Write out every record below exactly as given. Leave the pictures out.

(Dataset records)

Content starts

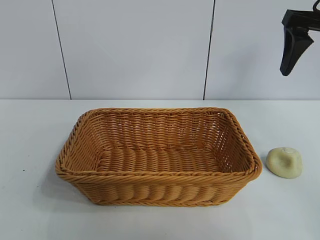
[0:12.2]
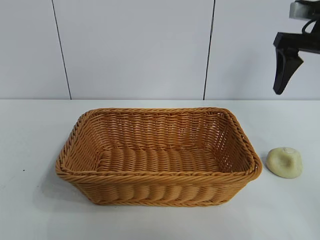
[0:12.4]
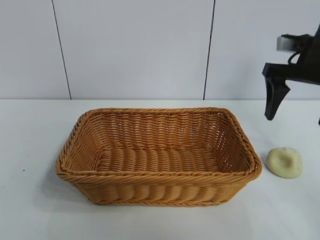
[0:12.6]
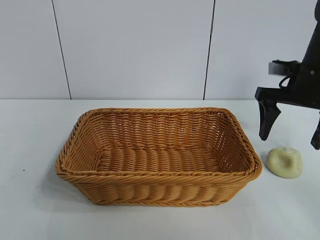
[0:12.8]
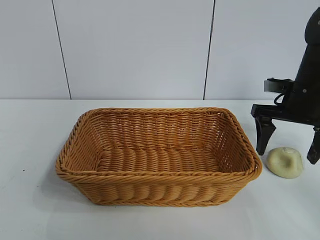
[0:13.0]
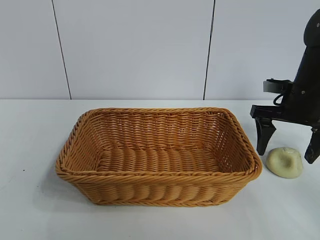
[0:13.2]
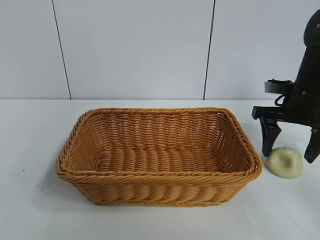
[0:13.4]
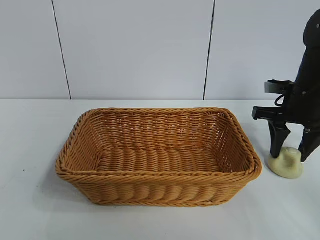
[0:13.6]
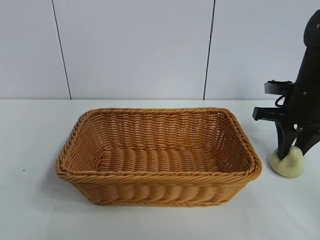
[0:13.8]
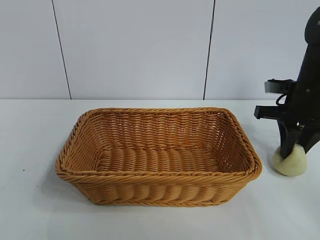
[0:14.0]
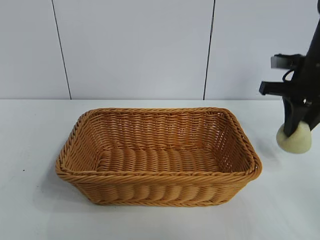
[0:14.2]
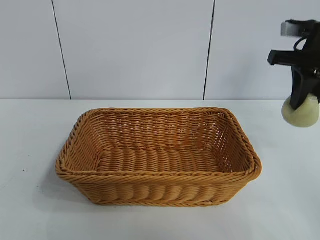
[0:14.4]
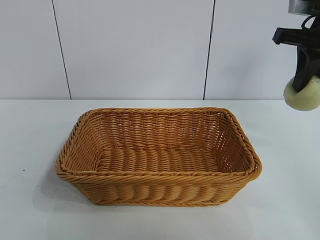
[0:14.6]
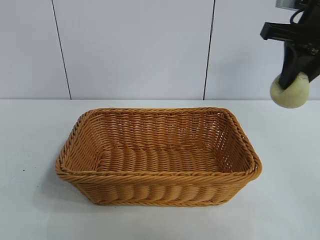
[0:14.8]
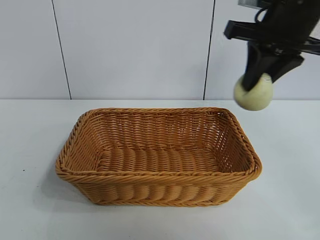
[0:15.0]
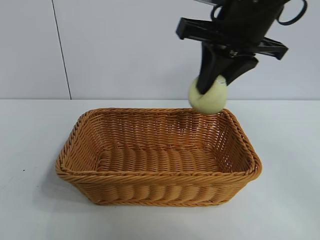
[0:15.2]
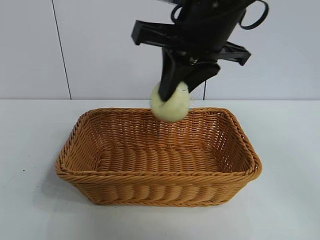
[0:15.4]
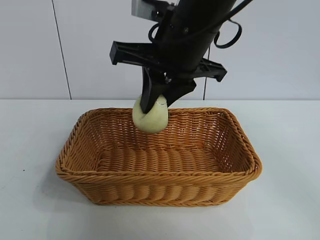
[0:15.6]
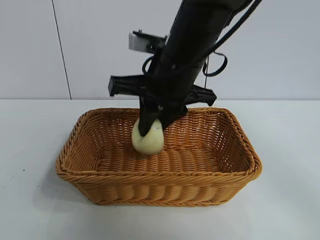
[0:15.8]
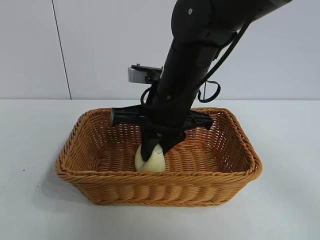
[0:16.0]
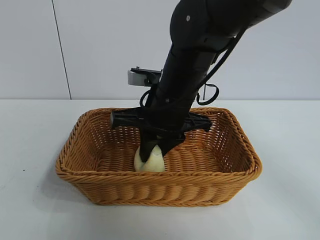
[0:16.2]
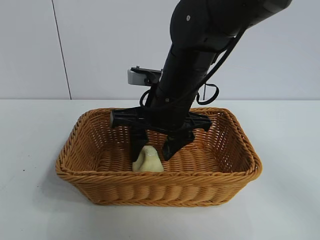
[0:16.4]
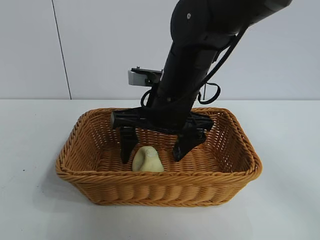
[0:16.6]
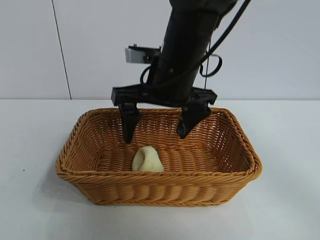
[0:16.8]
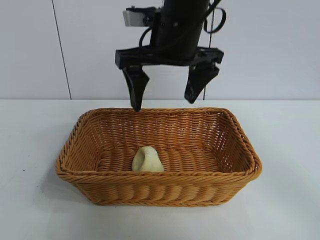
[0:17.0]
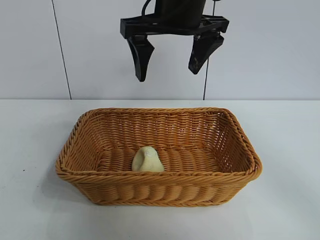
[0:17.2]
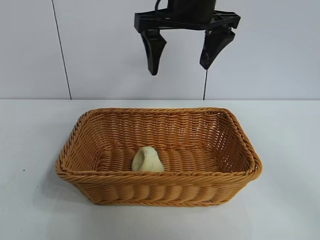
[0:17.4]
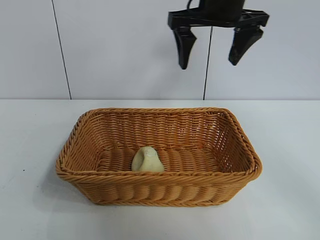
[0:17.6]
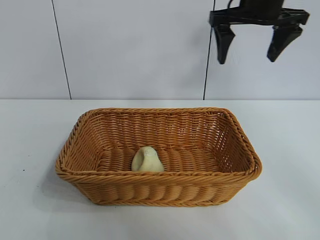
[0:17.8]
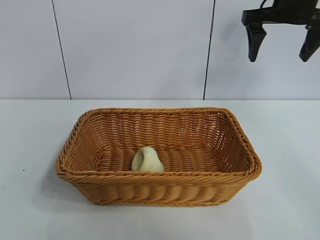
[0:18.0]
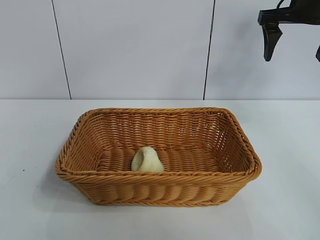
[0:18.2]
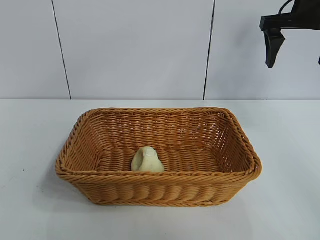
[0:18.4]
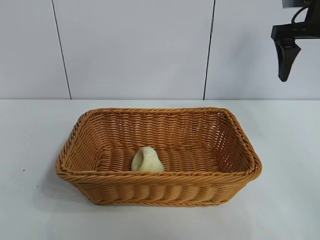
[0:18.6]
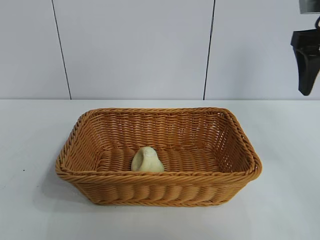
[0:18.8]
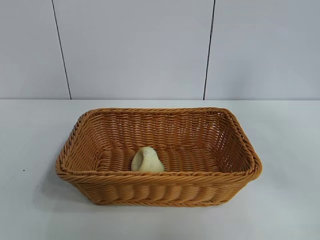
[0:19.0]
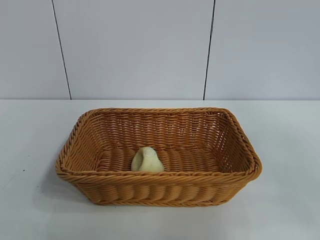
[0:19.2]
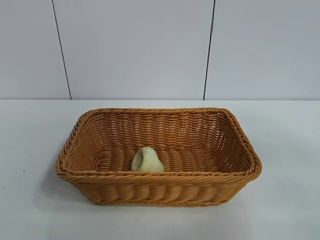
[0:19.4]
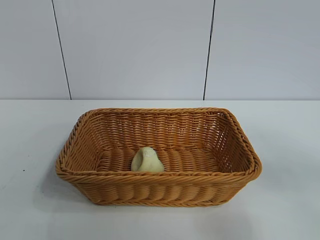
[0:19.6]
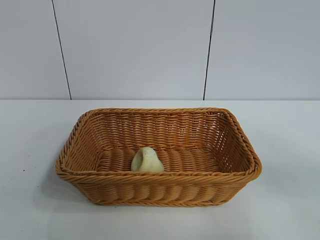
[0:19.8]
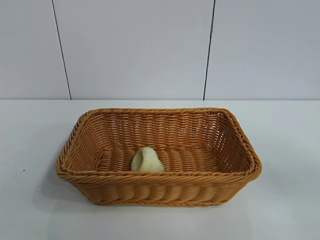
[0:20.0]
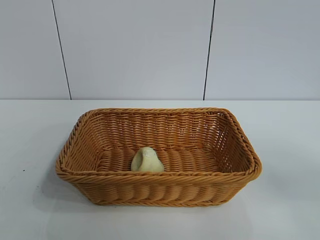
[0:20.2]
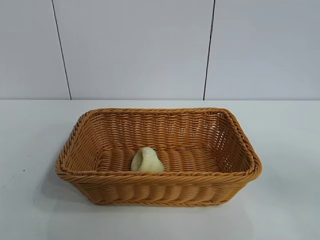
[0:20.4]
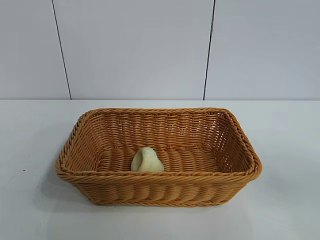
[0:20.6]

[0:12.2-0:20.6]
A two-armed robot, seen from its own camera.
Task of the whole recording: pick up the egg yolk pastry and put it into the basket.
Step, 0:14.0 to 0:16.2: Place the egg yolk pastry in the basket with right gripper.

Content ends

**EXPECTED OUTPUT:**
[0:12.2]
[0:12.4]
[0:12.6]
[0:12.8]
[0:13.0]
[0:13.2]
[0:13.4]
[0:13.6]
[0:13.8]
[0:14.0]
[0:14.2]
[0:14.4]
[0:14.6]
[0:14.8]
[0:15.0]
[0:15.2]
[0:15.4]
[0:15.6]
[0:15.8]
[0:16.0]
[0:16.2]
[0:16.4]
[0:16.6]
[0:16.8]
[0:17.0]
[0:17.2]
[0:17.4]
[0:17.6]
[0:17.8]
[0:18.0]
[0:18.2]
[0:18.4]
[0:18.6]
[0:18.8]
[0:19.0]
[0:19.2]
[0:19.4]
[0:19.6]
[0:19.8]
[0:20.0]
[0:20.2]
[0:20.4]
[0:20.6]

[0:12.2-0:20.6]
A two-armed robot, seen from its own camera.
Task of the whole recording: pick up the egg yolk pastry and put it into the basket.
Step, 0:14.0 to 0:16.2: Place the egg yolk pastry in the basket with right gripper.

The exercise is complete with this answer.